Recent efforts have been made toward a dynamic description of directed connectivity, such as dynamic effective connectivity (Zarghami & Friston, 2020), and dCov is another step toward this direction. First, the derivative signal reflects a dynamical description of the system (Chen et al., 2021) and is also used in regression dynamic causal modeling (rDCM) (Frässle et al., 2017). In comparison, dCov is more intuitive and faster than rDCM. Second, a sliding-window approach has been used to compute time-dependent covariance matrices (Hutchison et al., 2013), aiming to capture context-dependent fluctuations in the functional connectivity. However, due to the stationarity assumption required by sample covariance estimation, fluctuations in the covariance matrix may imply a violation of stationarity rather than a measure of switching between brain states. Nor does a static covariance matrix imply the absence of switching (Liegeois, Laumann, Snyder, Zhou, & Yeo, 2017). In contrast, dCov does not require stationarity so that, in principle, applying a sliding-window analysis together with dCov could provide a more accurate description of the changes in regional coupling.

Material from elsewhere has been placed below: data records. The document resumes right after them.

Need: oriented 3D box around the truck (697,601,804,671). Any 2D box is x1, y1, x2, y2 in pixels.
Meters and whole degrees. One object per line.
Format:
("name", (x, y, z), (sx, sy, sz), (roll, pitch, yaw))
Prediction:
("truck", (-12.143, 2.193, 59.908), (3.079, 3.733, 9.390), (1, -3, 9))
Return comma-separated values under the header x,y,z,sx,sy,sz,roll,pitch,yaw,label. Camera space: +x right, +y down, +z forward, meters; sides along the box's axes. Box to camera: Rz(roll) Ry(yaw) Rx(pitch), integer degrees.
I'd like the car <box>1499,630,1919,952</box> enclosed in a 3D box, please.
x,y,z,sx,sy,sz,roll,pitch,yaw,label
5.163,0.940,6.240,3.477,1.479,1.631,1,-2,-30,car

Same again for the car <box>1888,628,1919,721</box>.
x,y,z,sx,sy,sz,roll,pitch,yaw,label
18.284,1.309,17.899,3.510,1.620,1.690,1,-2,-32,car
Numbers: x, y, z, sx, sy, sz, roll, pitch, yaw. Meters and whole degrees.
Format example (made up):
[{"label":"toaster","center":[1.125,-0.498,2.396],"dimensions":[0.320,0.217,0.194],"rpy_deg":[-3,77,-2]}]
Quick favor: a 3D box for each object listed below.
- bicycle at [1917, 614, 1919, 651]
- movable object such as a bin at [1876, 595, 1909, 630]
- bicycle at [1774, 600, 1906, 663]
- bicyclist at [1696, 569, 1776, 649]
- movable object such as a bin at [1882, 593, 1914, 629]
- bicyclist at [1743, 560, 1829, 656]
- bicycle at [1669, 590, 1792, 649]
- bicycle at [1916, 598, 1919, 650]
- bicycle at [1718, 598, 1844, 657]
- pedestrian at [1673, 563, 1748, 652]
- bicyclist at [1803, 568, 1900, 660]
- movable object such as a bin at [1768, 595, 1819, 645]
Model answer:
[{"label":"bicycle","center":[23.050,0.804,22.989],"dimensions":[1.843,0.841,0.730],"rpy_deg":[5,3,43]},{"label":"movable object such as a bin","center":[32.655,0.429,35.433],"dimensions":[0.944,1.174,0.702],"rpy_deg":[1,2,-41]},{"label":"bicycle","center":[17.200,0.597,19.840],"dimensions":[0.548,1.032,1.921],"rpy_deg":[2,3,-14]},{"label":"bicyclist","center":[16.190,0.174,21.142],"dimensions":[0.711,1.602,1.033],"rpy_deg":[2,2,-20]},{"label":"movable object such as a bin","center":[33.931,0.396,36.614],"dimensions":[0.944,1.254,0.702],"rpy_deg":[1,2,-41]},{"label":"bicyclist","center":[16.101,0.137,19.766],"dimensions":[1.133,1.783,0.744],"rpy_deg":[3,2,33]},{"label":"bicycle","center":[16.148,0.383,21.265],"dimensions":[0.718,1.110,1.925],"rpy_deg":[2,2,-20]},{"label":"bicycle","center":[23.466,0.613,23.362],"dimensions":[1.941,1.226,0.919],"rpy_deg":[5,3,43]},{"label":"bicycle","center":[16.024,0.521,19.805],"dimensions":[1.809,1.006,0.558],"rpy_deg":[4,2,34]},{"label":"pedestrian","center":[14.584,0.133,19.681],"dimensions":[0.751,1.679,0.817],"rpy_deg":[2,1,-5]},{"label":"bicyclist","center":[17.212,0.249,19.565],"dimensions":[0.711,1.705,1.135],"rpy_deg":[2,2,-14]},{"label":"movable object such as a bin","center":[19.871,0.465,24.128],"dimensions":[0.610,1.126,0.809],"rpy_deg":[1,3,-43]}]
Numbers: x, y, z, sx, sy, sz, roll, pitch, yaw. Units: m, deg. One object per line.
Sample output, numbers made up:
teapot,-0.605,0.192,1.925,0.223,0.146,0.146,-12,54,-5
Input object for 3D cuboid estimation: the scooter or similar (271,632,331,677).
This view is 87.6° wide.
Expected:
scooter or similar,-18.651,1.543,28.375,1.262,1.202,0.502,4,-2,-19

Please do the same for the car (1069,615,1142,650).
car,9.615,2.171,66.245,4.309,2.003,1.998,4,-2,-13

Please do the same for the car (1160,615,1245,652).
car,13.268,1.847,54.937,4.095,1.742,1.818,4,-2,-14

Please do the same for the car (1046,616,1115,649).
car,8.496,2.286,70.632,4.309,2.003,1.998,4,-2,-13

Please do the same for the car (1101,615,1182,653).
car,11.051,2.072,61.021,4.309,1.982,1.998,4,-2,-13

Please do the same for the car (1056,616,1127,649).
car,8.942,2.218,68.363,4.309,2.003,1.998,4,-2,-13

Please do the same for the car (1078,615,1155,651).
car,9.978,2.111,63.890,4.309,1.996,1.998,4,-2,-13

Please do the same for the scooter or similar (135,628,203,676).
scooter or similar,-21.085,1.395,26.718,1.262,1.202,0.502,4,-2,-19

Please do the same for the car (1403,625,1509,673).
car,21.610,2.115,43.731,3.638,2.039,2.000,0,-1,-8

In conclusion, in addition to validating dCov’s performance on fMRI recordings, we have also extended previous studies linking FC to connectivity and behavior. The analytic techniques for studying links to anatomy and behavior introduced here can be applied to other methods for determining FC and other datasets, which could provide stronger confidence in their interpretation.

Data Acquisition and Preprocessing

We used two rs-fMRI datasets, including an anesthetized mouse dataset first reported in Bukhari et al. (2018) and the extensively processed young adult rs-fMRI S1200 dataset from Human Connectome Project (https://www.humanconnectome.org).

For the mouse dataset, experiment and imaging protocols were defined in the original publication. For all 12 animals, each subject received approximately 1.2% Isoflurane (Abbott, Cham, Switzerland) with a tolerance of 0.1% in a 20% oxygen/80% air mixture. The data was collected in two sessions, where the animals remained inside the scanner during the whole time. The total time series acquired during the two sessions were of 680-s length. Subjects were scanned using a Bruker Biospec 94/30 small animal MR system (Bruker BioSpin MRI, Ettlingen, Germany) operating at 400 MHz (9.4 T). A gradient-echo echo-planar imaging (GE-EPI) sequence has been used for rs-fMRI data acquisition with field of view = 16 × 7 mm2, matrix dimensions = 80 × 35, TR = 1 second, TE = 12 ms, flip angle = 60 degree. Each subject had 680 imaging frames collected.

All the preprocessing was performed using tools from FMRIB’s Software Library (FSL version 5). FSL’s recommended pre-processing pipeline was used. Motion correction, removal of nonbrain structures, high-pass temporal filtering with sigma = 75.0 s, prewhitening, and global spatial smoothing using a 0.2-mm Gaussian kernel was applied to increase signal-to-noise ratio as part of the preprocessing. After the preprocessing, the functional scans were aligned to the high-resolution anatomical AMBMC template (https://www.imaging.org.au/AMBMC/AMBMC) using linear affine and nonlinear diffeomorphic transformation registration as implemented in ANTs (ANTs. v 1.9; https://picsl.upenn.edu/ANTS/). We used FSL’s MELODIC for probabilistic independent component analysis. The multisession temporal ICA concatenated approach, as recommended for rs-fMRI data analysis, allowed to input all subjects from all the groups in a temporally concatenated fashion for the ICA analysis. ConcatICA yielded different activations and artifact components without the need of specifying any explicit time series model. A total of 100 independent components (IC maps) were extracted, and the mixture model approach was applied on these estimated maps to perform inference analysis. An alternative hypothesis test based on fitting a Gaussian/gamma mixture model to the distribution of voxel intensities within spatial maps 53 and 54 was used to threshold the IC maps. A threshold of 0.5 (p < 0.5) was selected for the alternative hypothesis in order to assign equal ‘cost’ to false positives and false negatives. Out of the 100 independent components (IC maps), only 30 were selected, while the components that overlapped with vascular structures and ventricles were excluded from further analysis. Similarly, regions at the brain surface, which are prone to be affected by the motion artifacts due to, for example, breathing, were excluded.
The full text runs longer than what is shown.